Properties of system:rmDestructionRetention
        <propertyDateTimeDefinition>
            <id>system:rmExpirationDate</id>
            <propertyType>datetime</propertyType>
            <cardinality>single</cardinality>
            <required>false</required>
        </propertyDateTimeDefinition>
        <propertyDateTimeDefinition>
            <id>system:rmStartOfRetention</id>
            <propertyType>datetime</propertyType>
            <cardinality>single</cardinality>
            <required>false</required>
        </propertyDateTimeDefinition>
        <propertyDateTimeDefinition>
            <id>system:rmDestructionDate</id>
            <propertyType>datetime</propertyType>
            <cardinality>single</cardinality>
            <required>false</required>
        </propertyDateTimeDefinition>

There are two ways to set an object under retention:

  1. the object can first be imported with an expiration date or
  2. an expiration date can be added to a previously existing object using a metadata update.
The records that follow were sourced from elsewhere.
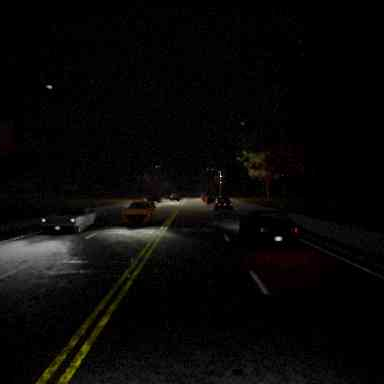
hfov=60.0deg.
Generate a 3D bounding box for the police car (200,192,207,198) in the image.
[{"bbox_3d":[3.170,0.970,94.795,1.930,1.638,5.238,0,0,0],"label":"police car"}]

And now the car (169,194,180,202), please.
[{"bbox_3d":[-3.329,1.153,63.677,2.128,1.511,4.902,0,0,1],"label":"car"}]

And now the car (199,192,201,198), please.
[{"bbox_3d":[3.189,0.972,72.651,2.097,1.767,4.553,0,0,0],"label":"car"}]

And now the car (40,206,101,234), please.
[{"bbox_3d":[-6.616,1.465,18.603,1.895,1.301,4.718,0,0,0],"label":"car"}]

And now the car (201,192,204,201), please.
[{"bbox_3d":[3.198,1.013,61.650,2.097,1.767,4.553,0,0,0],"label":"car"}]

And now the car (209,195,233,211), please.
[{"bbox_3d":[3.322,1.312,35.997,2.033,1.411,5.357,0,0,0],"label":"car"}]

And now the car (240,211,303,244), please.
[{"bbox_3d":[3.337,1.490,15.052,1.895,1.301,4.718,0,0,0],"label":"car"}]

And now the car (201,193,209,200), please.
[{"bbox_3d":[3.179,1.037,83.873,1.801,1.575,5.366,0,0,0],"label":"car"}]

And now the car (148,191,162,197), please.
[{"bbox_3d":[-6.591,0.887,59.990,2.150,2.045,5.566,0,0,1],"label":"car"}]

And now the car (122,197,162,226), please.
[{"bbox_3d":[-3.368,1.319,22.274,1.882,1.535,5.008,0,0,0],"label":"car"}]

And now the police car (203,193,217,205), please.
[{"bbox_3d":[3.207,1.127,50.789,1.930,1.638,5.238,0,0,0],"label":"police car"}]
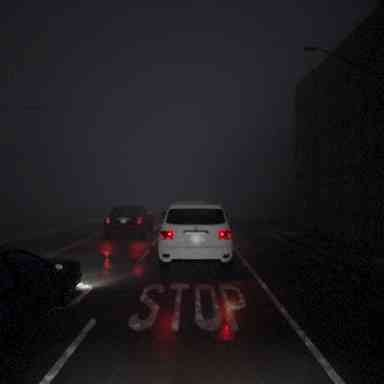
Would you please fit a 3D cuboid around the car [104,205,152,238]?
[{"bbox_3d":[-3.388,1.486,18.592,2.097,1.767,4.553,0,0,0],"label":"car"}]

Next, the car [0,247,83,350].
[{"bbox_3d":[-3.398,1.585,5.124,2.033,1.411,5.357,0,0,0],"label":"car"}]

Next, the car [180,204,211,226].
[{"bbox_3d":[0.365,1.715,26.167,1.812,1.442,4.674,-1,-1,8],"label":"car"}]

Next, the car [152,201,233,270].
[{"bbox_3d":[0.108,1.307,11.463,2.150,2.045,5.566,0,0,0],"label":"car"}]
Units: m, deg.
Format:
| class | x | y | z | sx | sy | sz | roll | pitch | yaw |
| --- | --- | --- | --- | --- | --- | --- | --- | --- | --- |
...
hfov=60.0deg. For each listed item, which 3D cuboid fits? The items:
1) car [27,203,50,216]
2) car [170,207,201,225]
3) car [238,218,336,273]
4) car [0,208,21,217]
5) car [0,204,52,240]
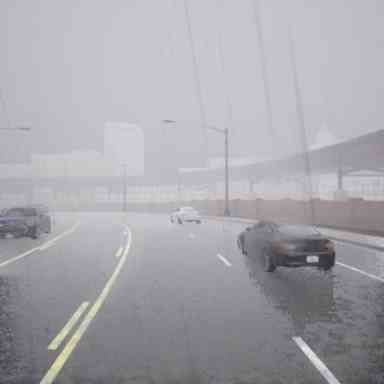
| class | x | y | z | sx | sy | sz | roll | pitch | yaw |
| --- | --- | --- | --- | --- | --- | --- | --- | --- | --- |
| car | -26.002 | 2.971 | 56.202 | 2.150 | 2.045 | 5.566 | 1 | -3 | -41 |
| car | -0.581 | 1.984 | 28.465 | 1.812 | 1.442 | 4.674 | 0 | -2 | -15 |
| car | 2.832 | 1.562 | 10.725 | 1.812 | 1.442 | 4.674 | 0 | -1 | -6 |
| car | -30.510 | 3.361 | 55.849 | 1.812 | 1.442 | 4.674 | 1 | -3 | -44 |
| car | -9.075 | 1.563 | 17.987 | 2.097 | 1.767 | 4.553 | 0 | -1 | -12 |
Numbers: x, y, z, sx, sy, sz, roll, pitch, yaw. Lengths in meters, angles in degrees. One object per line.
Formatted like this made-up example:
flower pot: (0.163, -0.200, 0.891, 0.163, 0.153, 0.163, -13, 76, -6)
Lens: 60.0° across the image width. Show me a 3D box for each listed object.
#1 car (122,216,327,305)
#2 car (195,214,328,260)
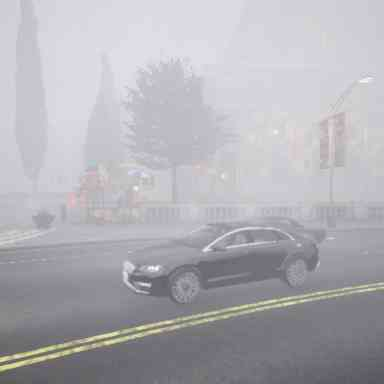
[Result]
car: (0.825, 1.491, 8.032, 4.902, 1.511, 2.128, 0, 0, -25)
car: (2.643, 1.601, 12.703, 4.718, 1.301, 1.895, 0, 0, -21)
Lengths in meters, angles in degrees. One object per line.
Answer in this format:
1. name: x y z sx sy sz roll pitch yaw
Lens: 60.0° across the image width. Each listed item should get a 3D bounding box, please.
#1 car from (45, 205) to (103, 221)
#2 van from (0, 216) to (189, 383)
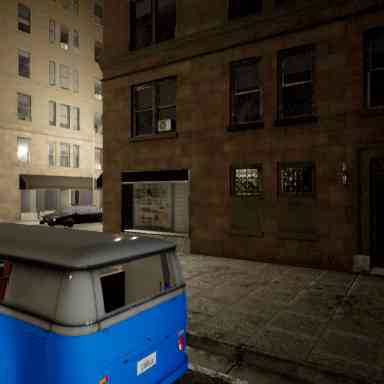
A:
1. car: -7.728 1.637 23.147 2.033 1.411 5.357 0 0 33
2. van: -1.966 1.341 4.085 3.998 1.788 1.690 0 0 33

Some conditions to the values of these retention properties are if an object has an expiration date, its value must come before the creation date. Also, if the expiration date is null, the start of retention and the destruction date must be null as well. Lastly, if a destruction date is set, it must either equal to or surpass the expiration date.

Effects of Retentions

If an expiration date has been set, it is not possible to change its content or delete the object before its expiration date. The other two properties have no particular uses provided by the system. Also, if an object is under retention, it is still possible to update its metadata; however, the expiration date cannot be removed or replaced by an earlier date.

An object under retention cannot be deleted or changed even by users that have a write or delete permission; retentions are stronger than write or delete permissions.